---------- GIVEN RECORDS ----------
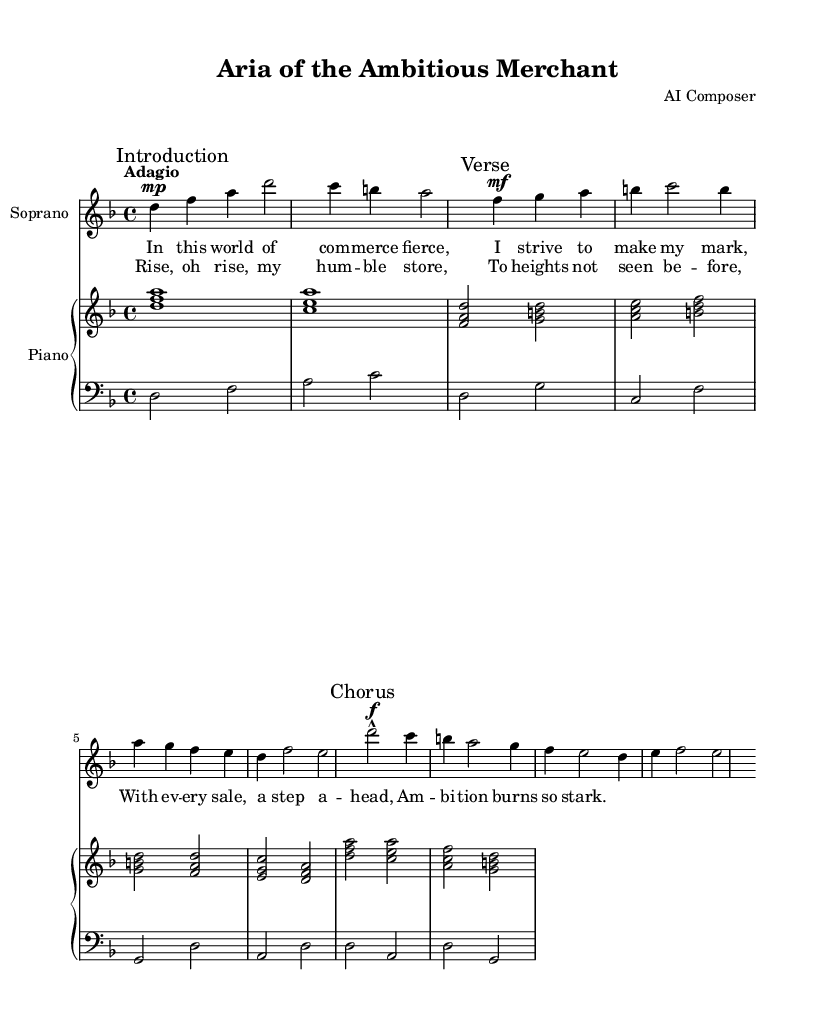What is the key signature of this music? The key signature is indicated at the beginning of the staff with one flat, which is characteristic of D minor.
Answer: D minor What is the time signature of this piece? The time signature is shown at the beginning of the score, which indicates the number of beats per measure, here represented as 4 over 4.
Answer: 4/4 What is the tempo marking in this piece? The tempo is written above the staff, describing the speed of the piece as "Adagio," which indicates a slow tempo.
Answer: Adagio How many measures are in the soprano part? By counting the measures in the soprano line, we find that there are a total of 7 measures present, including the introduction and the subsequent verses and chorus.
Answer: 7 What type of structure does this opera piece exhibit? The score has a clear structure, consisting of an introduction, verse, and a chorus, which are typical elements found in opera compositions.
Answer: Introduction, Verse, Chorus What does the term "marcato" indicate in this piece? "Marcato" is an articulation marking that suggests the notes should be played with emphasis or a strong accent, which affects the performance interpretation.
Answer: Emphasis How does the music express the theme of ambition? The lyrics convey a message of striving and determination, as well as the rising aspirations of a merchant, which are emotionally supported by the musical dynamics and tempo.
Answer: Striving and determination
----------
WHAT TO WORK ON:
Above are the lines; repeat exactly the ones from the line containing "Answer: 4/4 What" down to the line containing "Answer: Adagio How", both inclusive.

ANSWER SECTION:
Answer: 4/4 What is the tempo marking in this piece? The tempo is written above the staff, describing the speed of the piece as "Adagio," which indicates a slow tempo.
Answer: Adagio How many measures are in the soprano part? By counting the measures in the soprano line, we find that there are a total of 7 measures present, including the introduction and the subsequent verses and chorus.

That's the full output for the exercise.